= Harold B. Hairston =

African-American Fire Commissioner for the Philadelphia Fire Department

Harold B. Hairston ( December 8, 1939 - November 1, 2016) served as the first African-American Fire Commissioner for the Philadelphia Fire Department from 1992. Hairston was appointed head of the fire department by Mayor Ed Rendell and served until retirement in 2004. In his next life, Hairston worked for the CBS network Eyewitness News team as an expert on public safety and the Philadelphia Fire Department. He died at home in West Mount Airy on Tuesday, November 1, 2016. He was 76 years old. With his wife, Anne, Hairston had three children, and was married for 41 years.

==Early career==
His career with the Philadelphia Fire Department (PFD) spanned 40 years. He joined the department in 1964 after three years in the Army. During that time he was assigned to the West Point Army Academy as a weapons instructor. After being one of the first blacks to integrate the PFD, he was promoted to Fire lieutenant in 1971 and captain in 1978. He made battalion chief in 1981 and went to deputy chief in 1986. Two citations for lifesaving rescues were awarded to his unit and the Metropolitan Fire Chiefs named him Fire Chief of the Year in 2003, and the National Fire and Burglar Alarm Association also named him Fire Official of the year in 2003.

==Consent decree==
After contentious consent decrees were mandated on the PFD to correct previous discriminatory promotion practices, it was held in the black Philadelphia community that the position of Fire Commissioner would go to an African-American. Hairston was followed by Lloyd Ayers, an African-American, and the position was temporarily held by acting chief Derrick Saunders after Ayers retired. However, in 2016, newly elected Mayor Kenney replaced the Acting Fire Commissioner and native Philadelphian Derrick Sawyer with his own choice, breaking a 24-year tradition of native black Philadelphians being appointed to the position of fire chief of the 2,500 strong department.

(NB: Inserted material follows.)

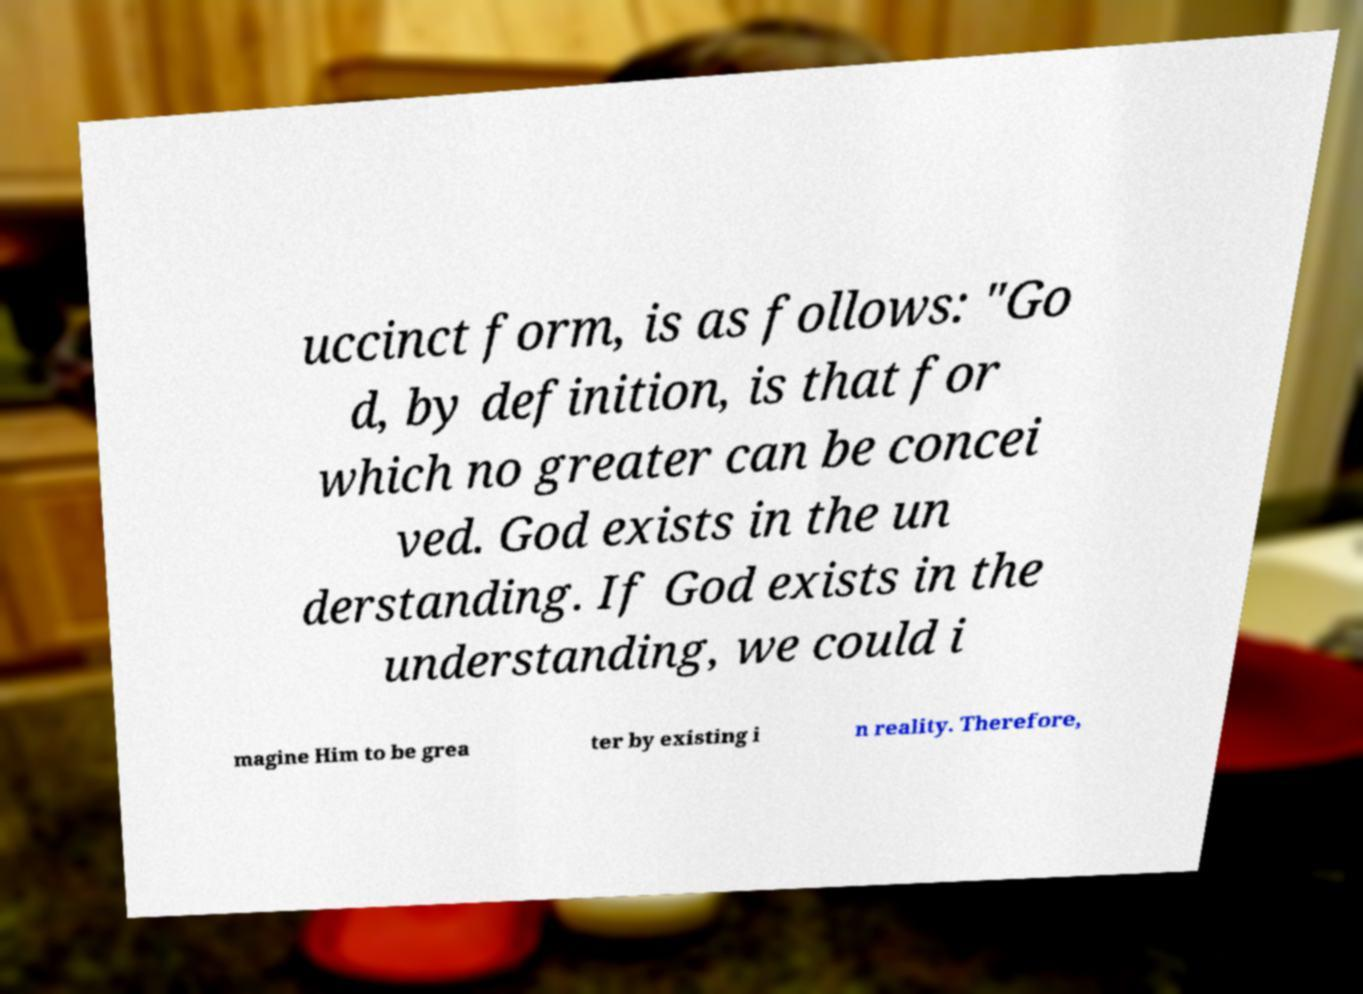Can you read and provide the text displayed in the image?This photo seems to have some interesting text. Can you extract and type it out for me? uccinct form, is as follows: "Go d, by definition, is that for which no greater can be concei ved. God exists in the un derstanding. If God exists in the understanding, we could i magine Him to be grea ter by existing i n reality. Therefore,

Hairston served on various boards such as the American Red Cross of Southeastern Pennsylvania, the Delaware Valley Burn Foundation, the Police Athletic League, the Variety Club of the Delaware Valley and the Dad Vail Regatta, but the interest that continued long after his retirement was Fireman's Hall Museum, which has a tribute organized in his memory. He was also a member of The Valiants, a fraternal organization of black and Latino firefighters, and the IABPFF.

He is buried in Ivy Hill Cemetery, 1200 Easton Road, East Mount Airy.